请咨询您的集群管理员，确保已为该角色或用户授予权限。你可以运行!aws sts get-caller-identity --query "Arn"来检查你在终端中使用的是哪个角色或哪个用户。


aws sagemaker list-clusters --output table

# Select the cluster name where you want to deploy the model.
export HYPERPOD_CLUSTER_NAME="<insert cluster name here>"

# Select the instance that is relevant for your model deployment and exists within the selected cluster.
# List availble instances in your HyperPod cluster
aws sagemaker describe-cluster --cluster-name=$HYPERPOD_CLUSTER_NAME --query "InstanceGroups[].{InstanceType:InstanceType,Count:CurrentCount}" --output table

# List supported instance types for the selected model
aws sagemaker describe-hub-content --hub-name SageMakerPublicHub --hub-content-type Model --hub-content-name "$MODEL_ID" --output json | jq -r '.HubContentDocument | fromjson | {Default: .DefaultInferenceInstanceType, Supported: .SupportedInferenceInstanceTypes}'


# Select and instance type from the cluster that is compatible with the model. 
# Make sure that the selected instance is either default or supported instance type for the jumpstart model 
export INSTANCE_TYPE="<Instance_type_In_cluster"

向集群管理员确认允许您使用哪个命名空间。管理员应该已经在你的命名空间中创建了一个hyperpod-inference服务账号。
```
export CLUSTER_NAMESPACE="default"
```

为要创建的端点和自定义对象设置名称。


export SAGEMAKER_ENDPOINT_NAME="deepsek-qwen-1-5b-test"

以下是 Jumpstart 中deepseek-llm-r1-distill-qwen-1-5b模型部署的示例。

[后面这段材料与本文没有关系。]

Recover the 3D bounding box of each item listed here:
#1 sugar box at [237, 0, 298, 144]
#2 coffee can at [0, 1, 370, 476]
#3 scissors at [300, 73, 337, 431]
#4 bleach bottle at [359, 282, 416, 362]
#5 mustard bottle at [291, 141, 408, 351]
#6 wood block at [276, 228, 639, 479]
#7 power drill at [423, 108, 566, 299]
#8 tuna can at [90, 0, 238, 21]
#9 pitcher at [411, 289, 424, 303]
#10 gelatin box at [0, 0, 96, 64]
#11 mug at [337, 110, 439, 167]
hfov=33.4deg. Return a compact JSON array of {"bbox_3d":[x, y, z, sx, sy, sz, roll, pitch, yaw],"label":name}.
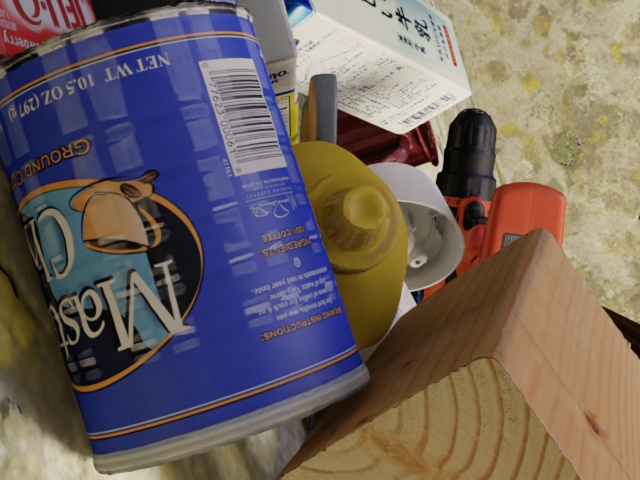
[{"bbox_3d":[-0.042,-0.100,0.561,0.176,0.048,0.093,82,-8,-78],"label":"sugar box"},{"bbox_3d":[-0.052,0.000,0.384,0.102,0.103,0.140,-11,83,-75],"label":"coffee can"},{"bbox_3d":[-0.004,0.001,0.632,0.096,0.016,0.202,-110,-158,-73],"label":"scissors"},{"bbox_3d":[0.033,0.048,0.722,0.102,0.068,0.251,-72,139,-68],"label":"bleach bottle"},{"bbox_3d":[-0.002,0.007,0.489,0.192,0.058,0.096,133,-59,-74],"label":"mustard bottle"},{"bbox_3d":[0.070,0.071,0.424,0.091,0.090,0.205,55,20,0],"label":"wood block"},{"bbox_3d":[0.127,-0.010,0.813,0.188,0.057,0.184,-144,-121,-81],"label":"power drill"},{"bbox_3d":[-0.078,-0.116,0.463,0.033,0.086,0.086,19,54,-74],"label":"tuna can"},{"bbox_3d":[0.152,0.112,0.981,0.145,0.149,0.243,-113,-173,-86],"label":"pitcher"},{"bbox_3d":[-0.116,-0.093,0.405,0.089,0.030,0.073,-2,74,-74],"label":"gelatin box"},{"bbox_3d":[0.046,-0.086,0.885,0.117,0.081,0.093,-87,155,-54],"label":"mug"}]
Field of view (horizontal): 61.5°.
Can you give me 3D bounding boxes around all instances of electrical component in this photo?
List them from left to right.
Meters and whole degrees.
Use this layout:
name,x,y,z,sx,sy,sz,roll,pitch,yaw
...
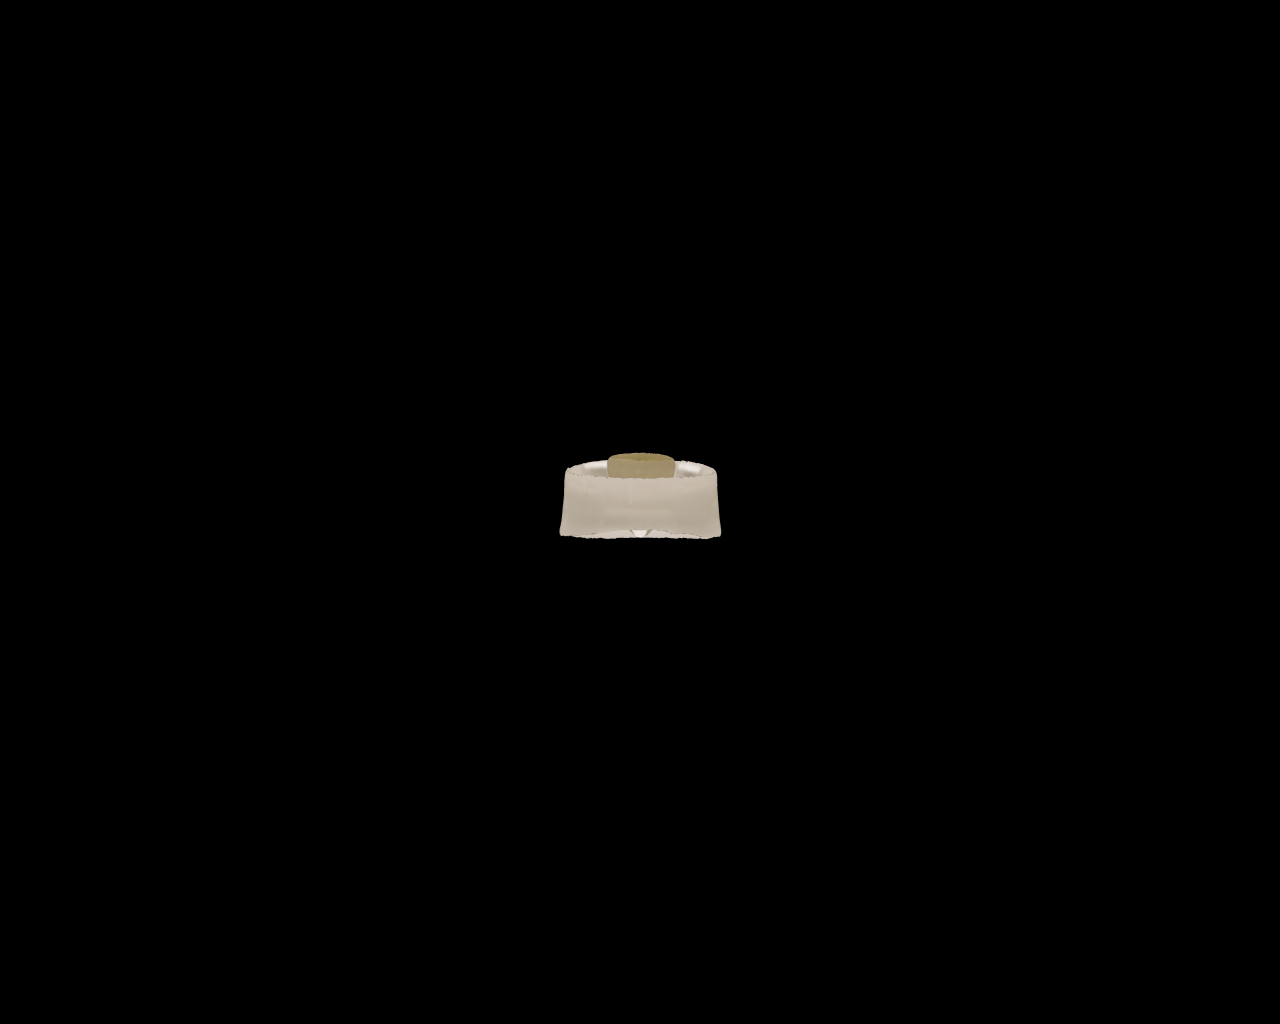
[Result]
name,x,y,z,sx,sy,sz,roll,pitch,yaw
electrical component,0.001,-0.003,0.650,0.099,0.064,0.099,0,10,0
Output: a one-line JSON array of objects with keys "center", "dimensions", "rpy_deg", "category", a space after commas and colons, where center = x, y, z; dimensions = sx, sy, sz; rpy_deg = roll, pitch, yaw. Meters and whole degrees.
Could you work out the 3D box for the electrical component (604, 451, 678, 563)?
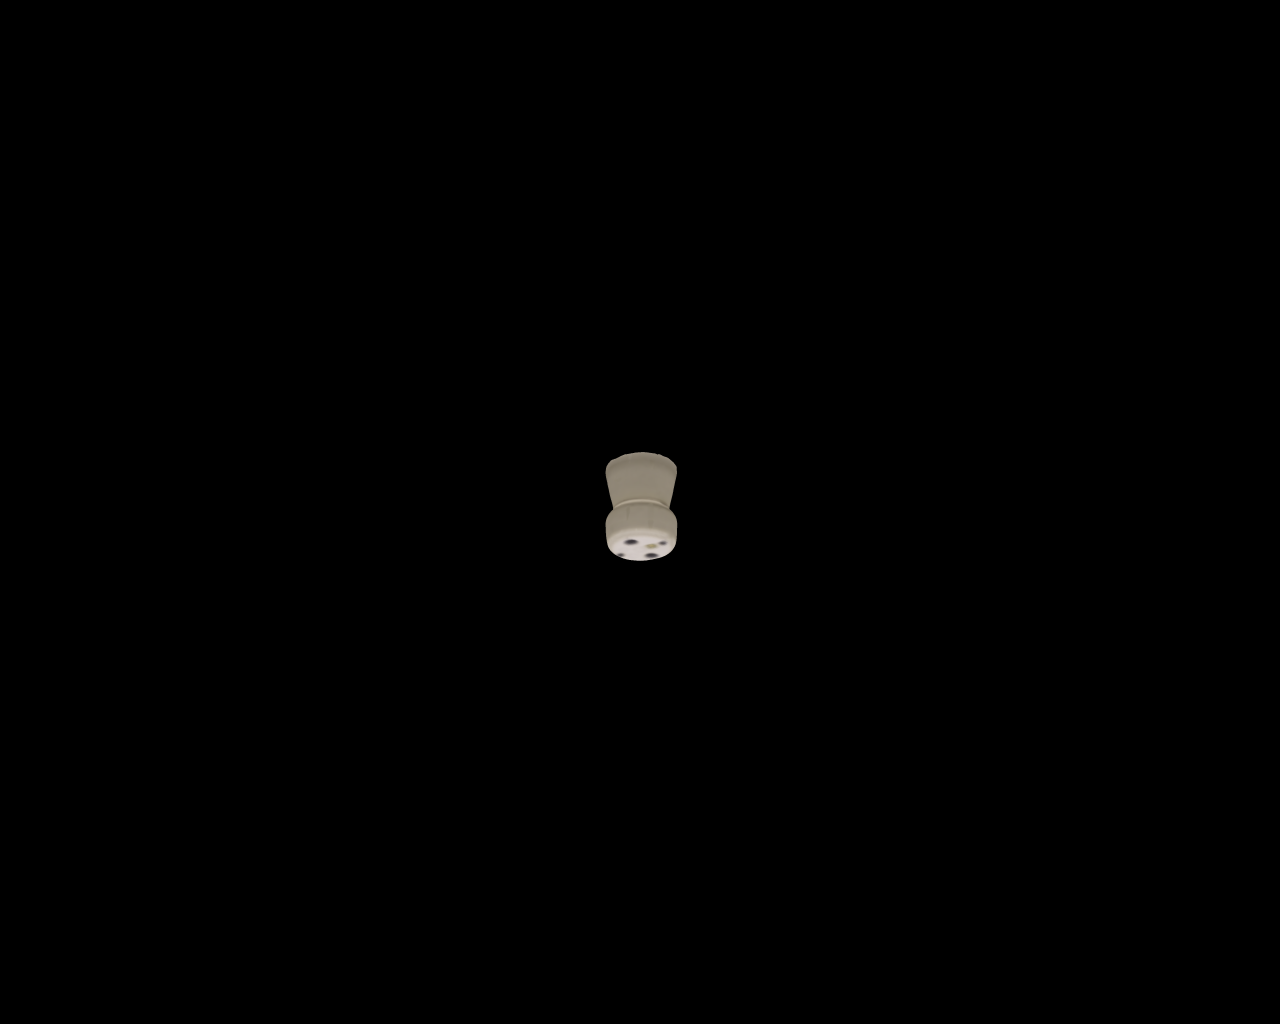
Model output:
[{"center": [0.001, -0.003, 0.650], "dimensions": [0.045, 0.055, 0.044], "rpy_deg": [0, -27, 0], "category": "electrical component"}]
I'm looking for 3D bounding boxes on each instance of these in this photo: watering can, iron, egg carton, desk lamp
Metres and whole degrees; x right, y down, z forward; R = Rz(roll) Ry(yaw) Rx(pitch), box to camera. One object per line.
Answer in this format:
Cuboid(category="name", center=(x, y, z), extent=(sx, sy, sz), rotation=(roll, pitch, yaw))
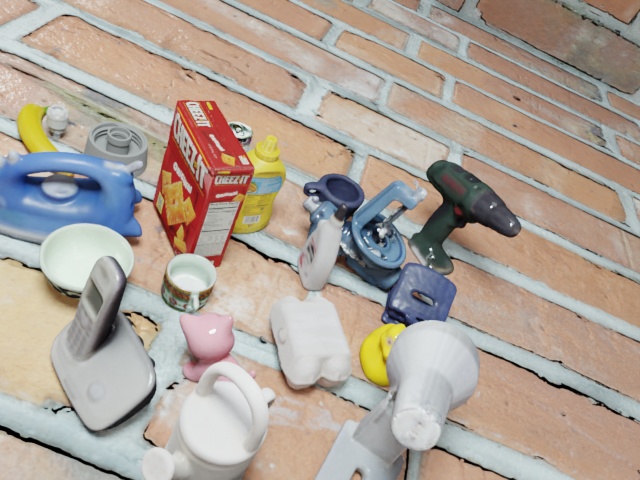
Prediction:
Cuboid(category="watering can", center=(-0.113, 0.214, 0.637), extent=(0.101, 0.194, 0.173), rotation=(30, 40, 3))
Cuboid(category="iron", center=(-0.387, -0.077, 0.835), extent=(0.259, 0.141, 0.118), rotation=(5, 45, -24))
Cuboid(category="egg carton", center=(-0.017, 0.150, 0.855), extent=(0.107, 0.069, 0.150), rotation=(3, 46, -27))
Cuboid(category="desk lamp", center=(0.106, 0.228, 0.727), extent=(0.118, 0.213, 0.203), rotation=(32, 40, 6))

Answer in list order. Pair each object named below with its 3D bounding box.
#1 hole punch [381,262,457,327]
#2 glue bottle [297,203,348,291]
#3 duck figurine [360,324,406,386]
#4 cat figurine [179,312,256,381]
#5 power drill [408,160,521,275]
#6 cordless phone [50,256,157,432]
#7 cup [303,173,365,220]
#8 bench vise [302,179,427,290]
Cuboid(category="hole punch", center=(0.173, 0.109, 0.987), extent=(0.108, 0.091, 0.101), rotation=(27, 40, -1))
Cuboid(category="glue bottle", center=(0.009, 0.003, 0.944), extent=(0.037, 0.173, 0.078), rotation=(3, 45, -26))
Cuboid(category="duck figurine", center=(0.112, 0.165, 0.897), extent=(0.077, 0.086, 0.104), rotation=(25, 40, -3))
Cuboid(category="cat figurine", center=(-0.132, 0.150, 0.754), extent=(0.127, 0.117, 0.067), rotation=(43, 42, 18))
Cuboid(category="power drill", center=(0.261, -0.033, 1.094), extent=(0.076, 0.208, 0.229), rotation=(-5, 50, -33))
Cuboid(category="cordless phone", center=(-0.246, 0.120, 0.670), extent=(0.094, 0.185, 0.147), rotation=(-21, 59, -42))
Cuboid(category="cup", center=(0.015, -0.066, 1.082), extent=(0.118, 0.095, 0.091), rotation=(8, 44, -22))
Cuboid(category="bench vise", center=(0.074, -0.026, 0.975), extent=(0.208, 0.219, 0.121), rotation=(17, 41, -12))
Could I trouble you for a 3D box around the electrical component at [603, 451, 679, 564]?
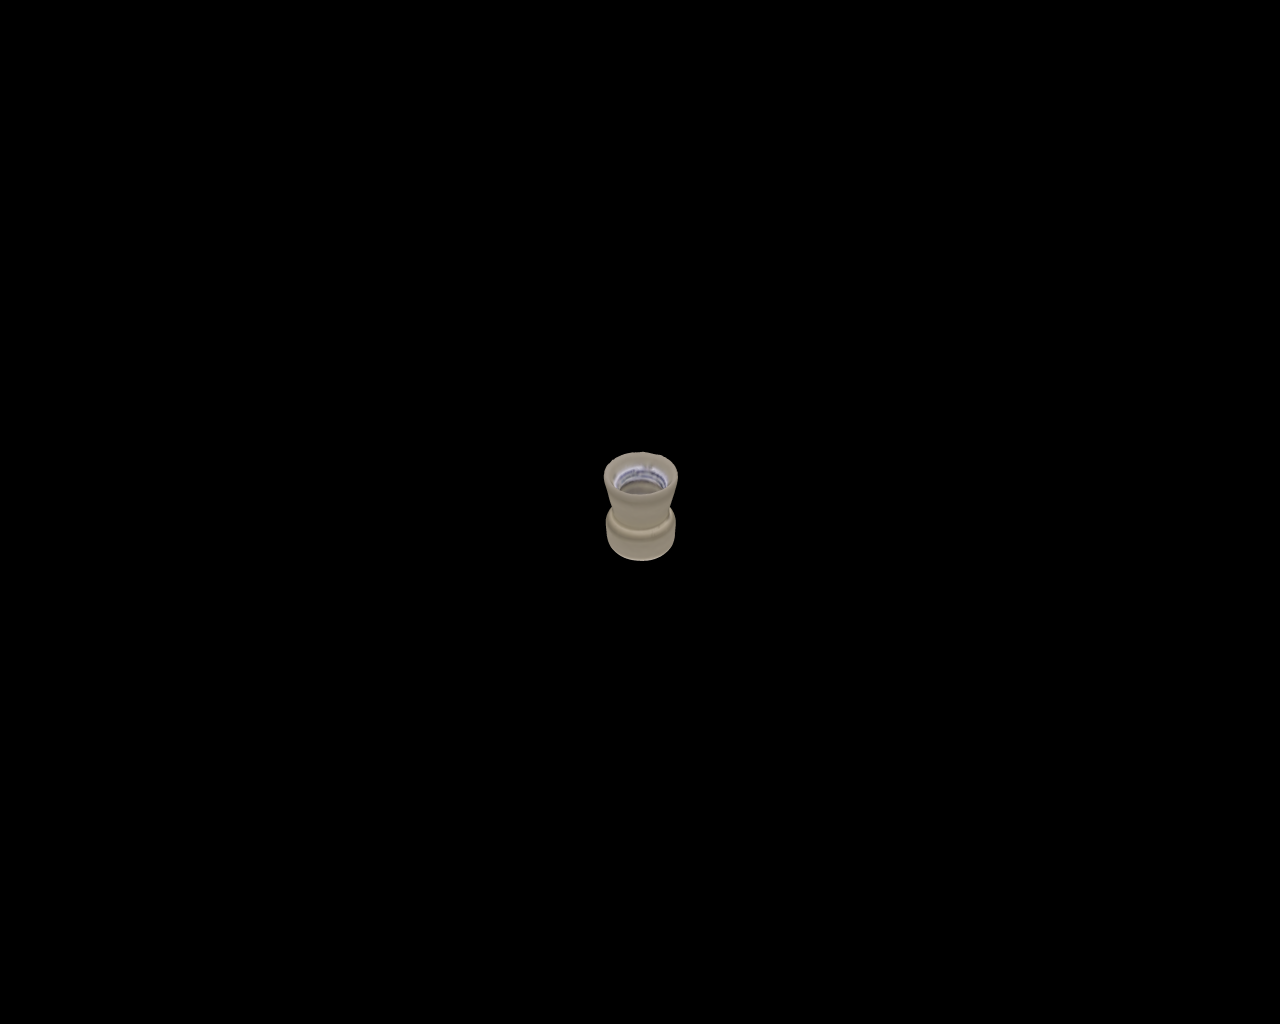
[{"bbox_3d":[0.001,-0.003,0.650,0.045,0.055,0.045,0,40,0],"label":"electrical component"}]
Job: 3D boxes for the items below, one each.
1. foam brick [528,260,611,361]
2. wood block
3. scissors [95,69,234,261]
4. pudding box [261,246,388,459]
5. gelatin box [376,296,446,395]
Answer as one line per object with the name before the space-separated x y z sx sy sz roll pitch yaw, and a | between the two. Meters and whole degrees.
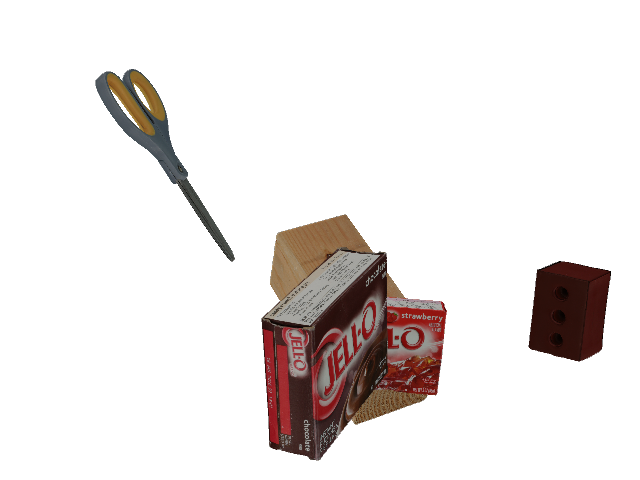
foam brick | 0.227 0.063 0.970 0.053 0.078 0.051 13 18 35
wood block | 0.033 0.080 1.141 0.090 0.090 0.206 -16 50 -23
scissors | -0.134 -0.078 0.978 0.016 0.201 0.096 -28 26 20
pudding box | 0.006 0.066 0.657 0.039 0.090 0.113 9 26 22
gelatin box | 0.054 0.084 0.863 0.089 0.073 0.030 5 15 0
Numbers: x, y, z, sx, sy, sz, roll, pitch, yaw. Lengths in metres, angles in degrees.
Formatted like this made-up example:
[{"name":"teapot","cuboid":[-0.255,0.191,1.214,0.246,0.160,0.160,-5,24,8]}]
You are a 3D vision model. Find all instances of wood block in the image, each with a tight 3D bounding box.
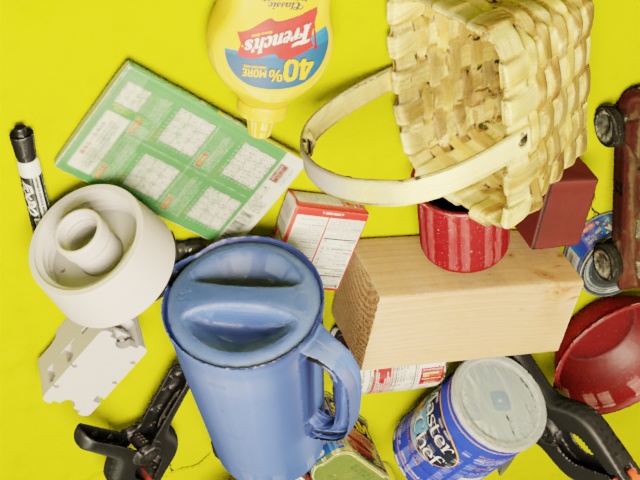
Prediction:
[{"name":"wood block","cuboid":[0.127,0.053,1.004,0.205,0.090,0.091,-4,127,-19]}]

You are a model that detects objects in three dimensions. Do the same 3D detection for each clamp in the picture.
[{"name":"clamp","cuboid":[0.235,0.177,1.081,0.036,0.210,0.164,-28,129,-29]},{"name":"clamp","cuboid":[-0.163,0.185,1.013,0.120,0.039,0.171,-30,152,-16]}]

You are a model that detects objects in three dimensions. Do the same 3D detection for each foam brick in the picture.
[{"name":"foam brick","cuboid":[0.216,-0.038,0.993,0.051,0.053,0.078,-6,129,-17]}]

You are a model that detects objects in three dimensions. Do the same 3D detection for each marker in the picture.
[{"name":"marker","cuboid":[-0.225,-0.038,0.844,0.020,0.020,0.121,-12,129,-12]}]

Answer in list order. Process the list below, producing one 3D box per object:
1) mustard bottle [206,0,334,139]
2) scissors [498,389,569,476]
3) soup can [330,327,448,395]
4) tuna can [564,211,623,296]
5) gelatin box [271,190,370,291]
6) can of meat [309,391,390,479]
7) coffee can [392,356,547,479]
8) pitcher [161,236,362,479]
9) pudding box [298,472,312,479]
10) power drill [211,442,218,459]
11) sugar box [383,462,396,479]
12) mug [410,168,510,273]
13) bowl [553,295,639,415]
[{"name":"mustard bottle","cuboid":[-0.036,-0.162,0.796,0.096,0.058,0.192,-4,128,-19]},{"name":"scissors","cuboid":[0.213,0.198,1.187,0.016,0.096,0.202,-33,168,-30]},{"name":"soup can","cuboid":[0.066,0.114,1.042,0.102,0.068,0.068,-4,127,-19]},{"name":"tuna can","cuboid":[0.291,0.015,1.075,0.086,0.034,0.086,-11,129,-14]},{"name":"gelatin box","cuboid":[-0.006,0.001,0.952,0.073,0.030,0.089,6,124,-26]},{"name":"can of meat","cuboid":[0.020,0.216,1.092,0.057,0.084,0.102,-40,129,11]},{"name":"coffee can","cuboid":[0.148,0.190,1.079,0.102,0.103,0.140,3,148,-23]},{"name":"pitcher","cuboid":[-0.047,0.124,0.941,0.145,0.149,0.243,-13,141,-5]},{"name":"pudding box","cuboid":[-0.052,0.272,1.062,0.113,0.039,0.090,-45,119,-4]},{"name":"power drill","cuboid":[-0.092,0.294,1.107,0.187,0.057,0.184,-46,123,1]},{"name":"sugar box","cuboid":[0.062,0.344,1.201,0.048,0.093,0.176,-4,127,-16]},{"name":"mug","cuboid":[0.135,-0.032,0.952,0.117,0.093,0.081,-47,146,-32]},{"name":"bowl","cuboid":[0.312,0.113,1.145,0.162,0.055,0.162,-11,129,-13]}]

根据在上述步骤中选择的模型创建类似的部署 yaml 文件。


cat << EOF > jumpstart_model.yaml
---
apiVersion: inference.sagemaker.aws.amazon.com/v1alpha1
kind: JumpStartModel
metadata:
  name: $SAGEMAKER_ENDPOINT_NAME
  namespace: $CLUSTER_NAMESPACE 
spec:
  sageMakerEndpoint:
    name: $SAGEMAKER_ENDPOINT_NAME
  model:
    modelHubName: SageMakerPublicHub
    modelId: $MODEL_ID
    modelVersion: $MODEL_VERSION
  server:
    instanceType: $INSTANCE_TYPE
  metrics:
    enabled: true
  environmentVariables:
    - name: SAMPLE_ENV_VAR
      value: "sample_value"
  maxDeployTimeInSeconds: 1800
  autoScalingSpec:
    cloudWatchTrigger:
      name: "SageMaker-Invocations"
      namespace: "AWS/SageMaker"
      useCachedMetrics: false
      metricName: "Invocations"
      targetValue: 10
      minValue: 0.0
      metricCollectionPeriod: 30
      metricStat: "Sum"
      metricType: "Average"
      dimensions:
        - name: "EndpointName"
          value: "$SAGEMAKER_ENDPOINT_NAME"
        - name: "VariantName"
          value: "AllTraffic"
EOF

部署模型

更新你的 kubernetes 配置并部署你的模型

将 kubectl 配置为连接到由 Amazon EKS 编排的 HyperPod 集群。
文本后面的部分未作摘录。